** Opening EXTRACTED MATERIAL block **
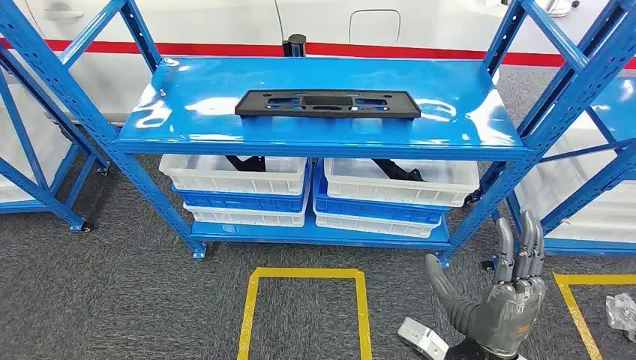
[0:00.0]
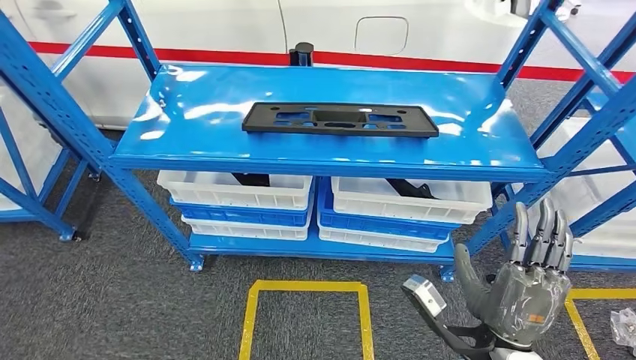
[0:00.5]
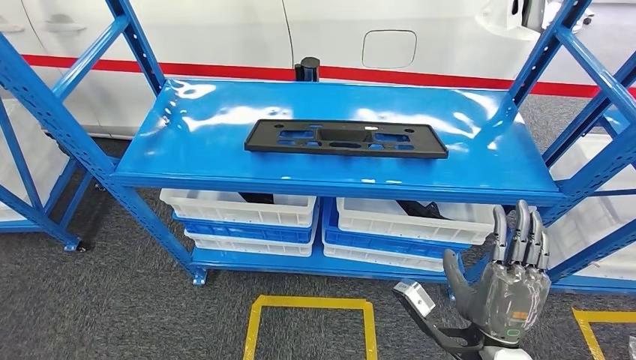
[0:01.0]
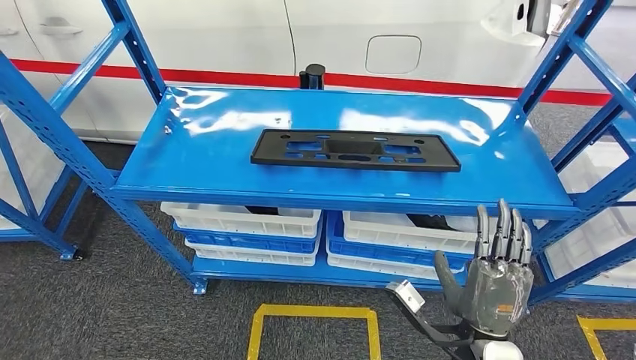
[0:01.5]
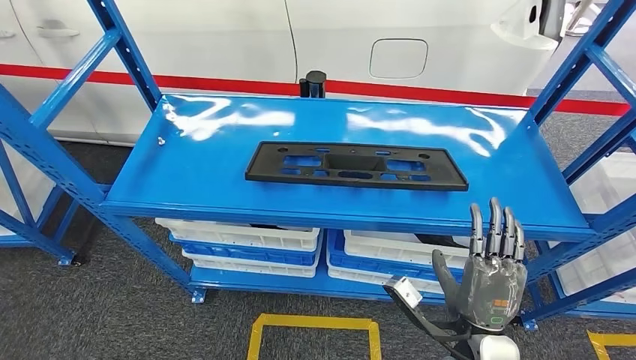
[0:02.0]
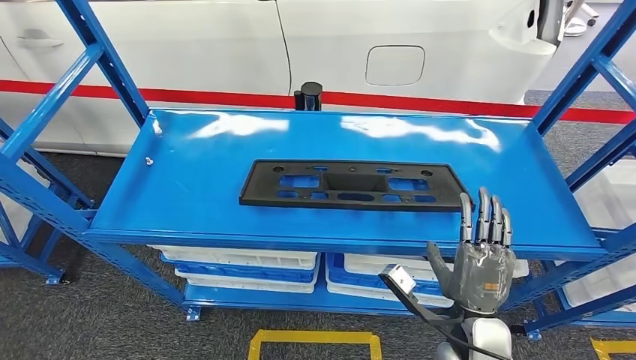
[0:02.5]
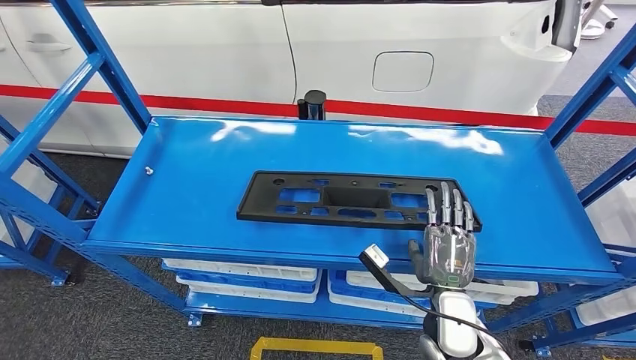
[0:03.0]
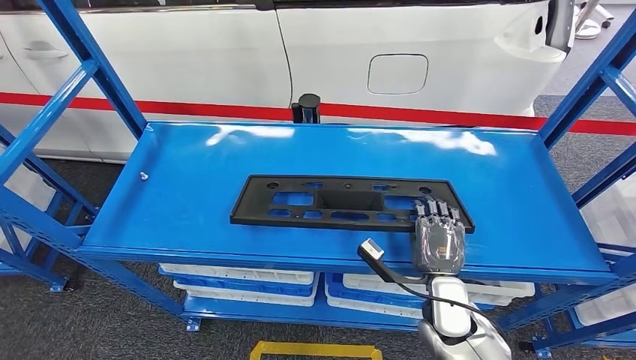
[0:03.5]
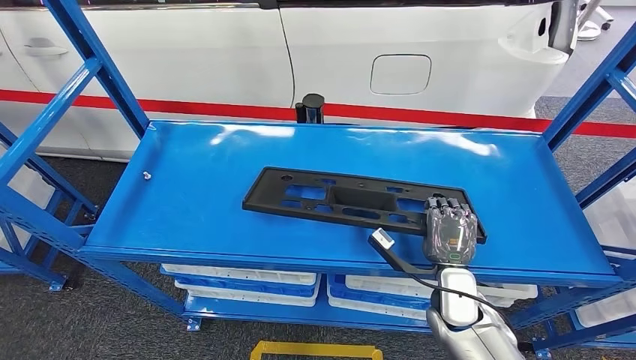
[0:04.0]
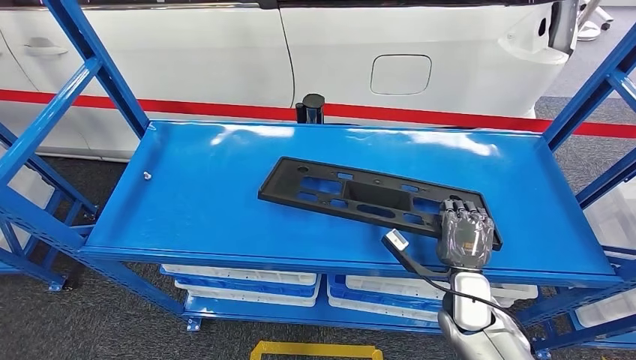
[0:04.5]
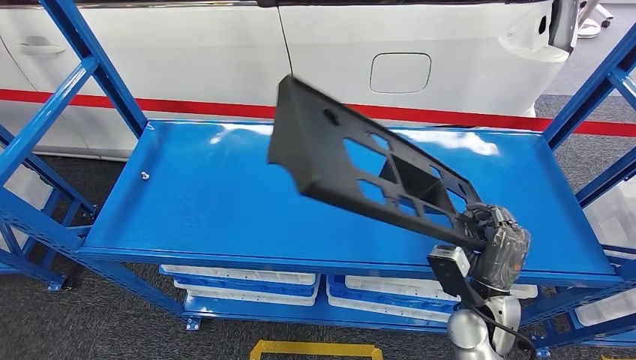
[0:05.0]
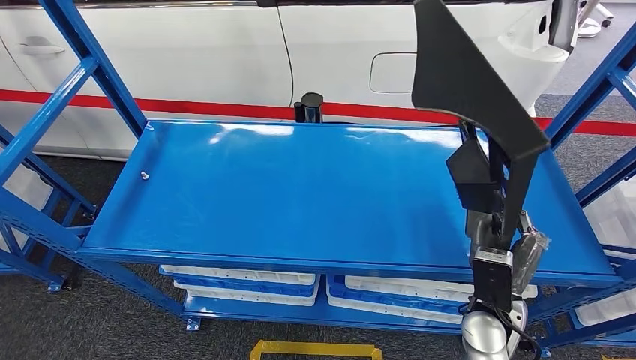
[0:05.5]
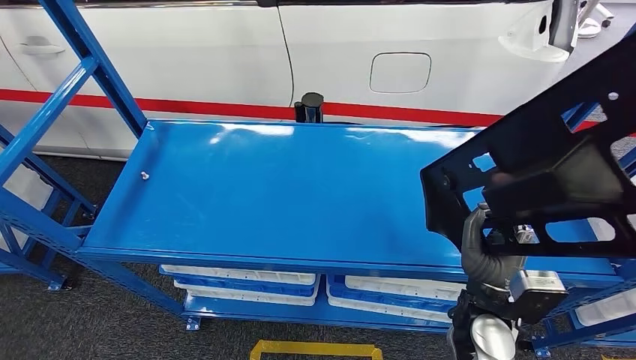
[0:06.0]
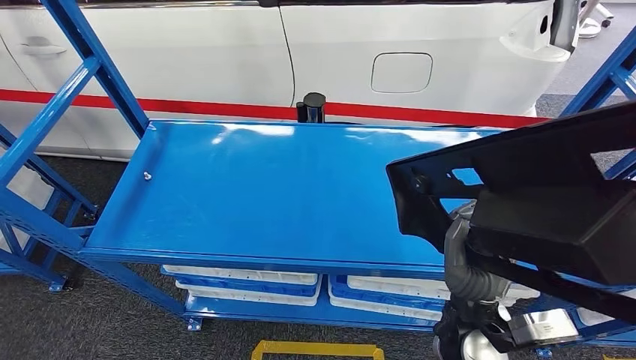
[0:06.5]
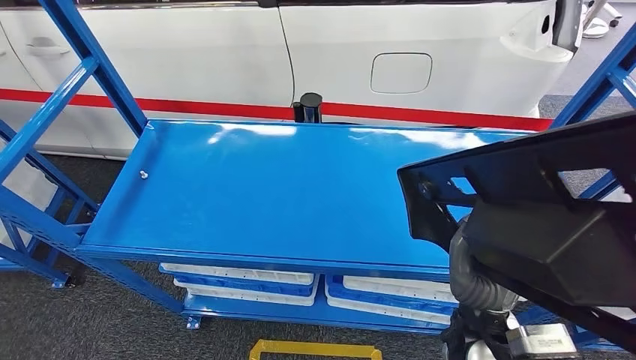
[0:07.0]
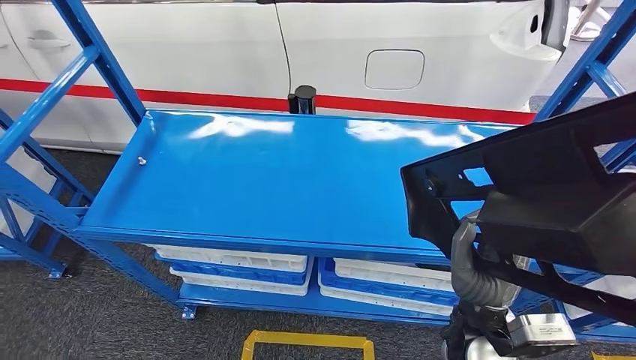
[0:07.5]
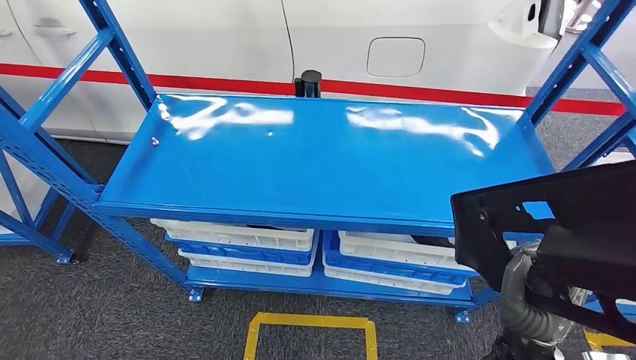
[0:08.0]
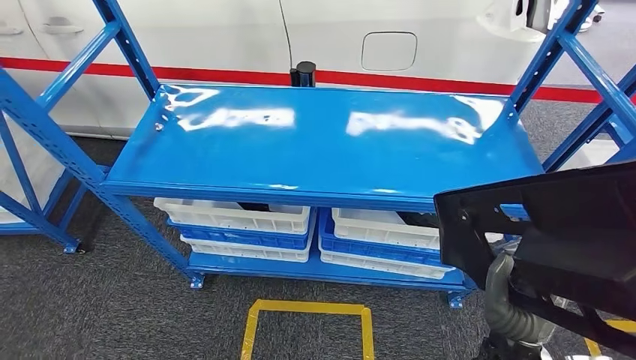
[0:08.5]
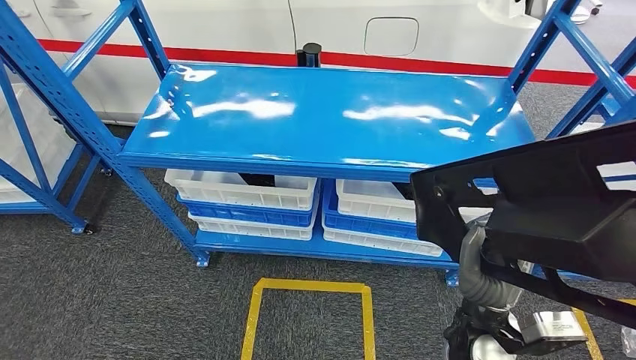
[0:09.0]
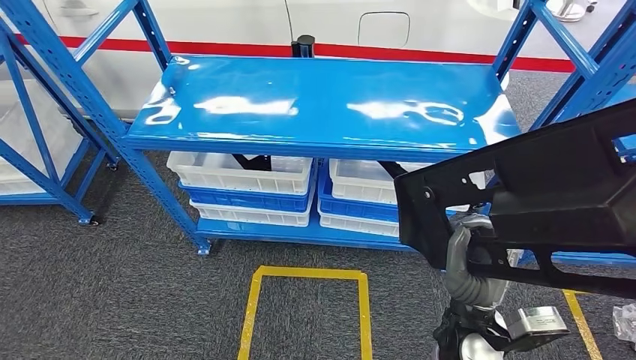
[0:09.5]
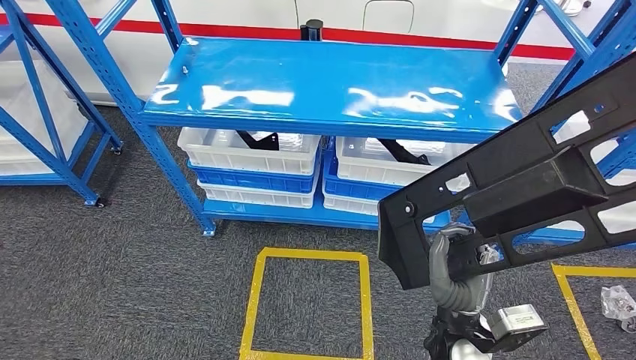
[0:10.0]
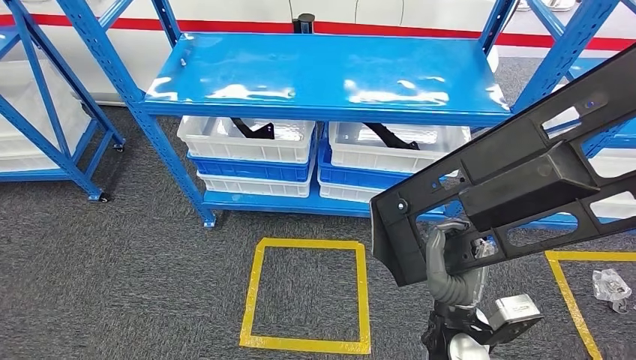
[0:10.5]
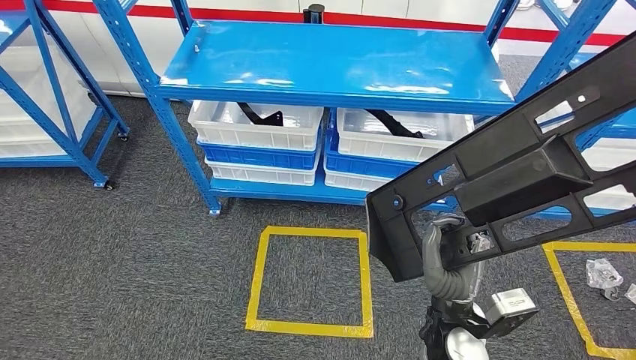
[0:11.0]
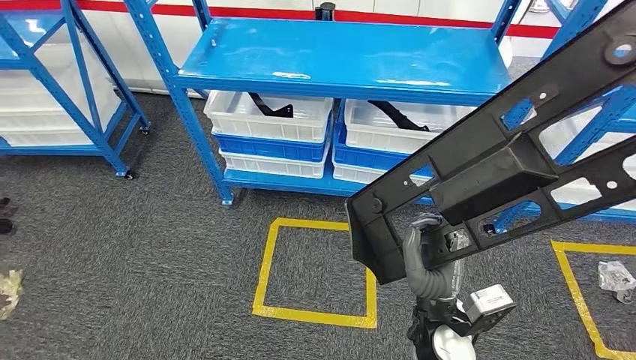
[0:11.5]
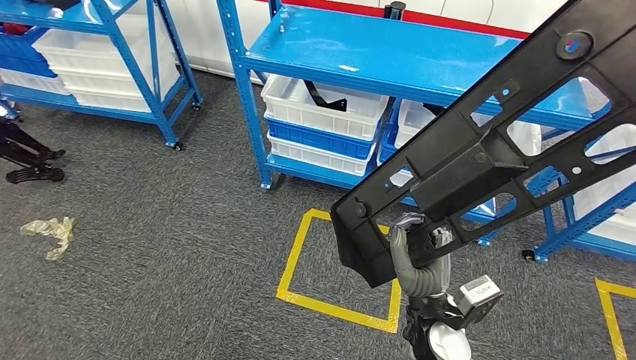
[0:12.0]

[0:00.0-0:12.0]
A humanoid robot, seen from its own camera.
Step, 0:00.0 to 0:09.0: Pick up the large material from the shelf.
** Closing EXTRACTED MATERIAL block **
From the first record to the last, transcribe everything exactly but drop the pictures.

PROBLEM SOLUTION:
[0:00.0]
[0:00.5]
[0:01.0]
[0:01.5]
[0:02.0]
[0:02.5]
[0:03.0]
[0:03.5]
[0:04.0]
[0:04.5]
[0:05.0]
[0:05.5]
[0:06.0]
[0:06.5]
[0:07.0]
[0:07.5]
[0:08.0]
[0:08.5]
[0:09.0]
[0:09.5]
[0:10.0]
[0:10.5]
[0:11.0]
[0:11.5]
[0:12.0]

[0:00.0-0:12.0]
A humanoid robot, seen from its own camera.
Step, 0:00.0 to 0:09.0: Pick up the large material from the shelf.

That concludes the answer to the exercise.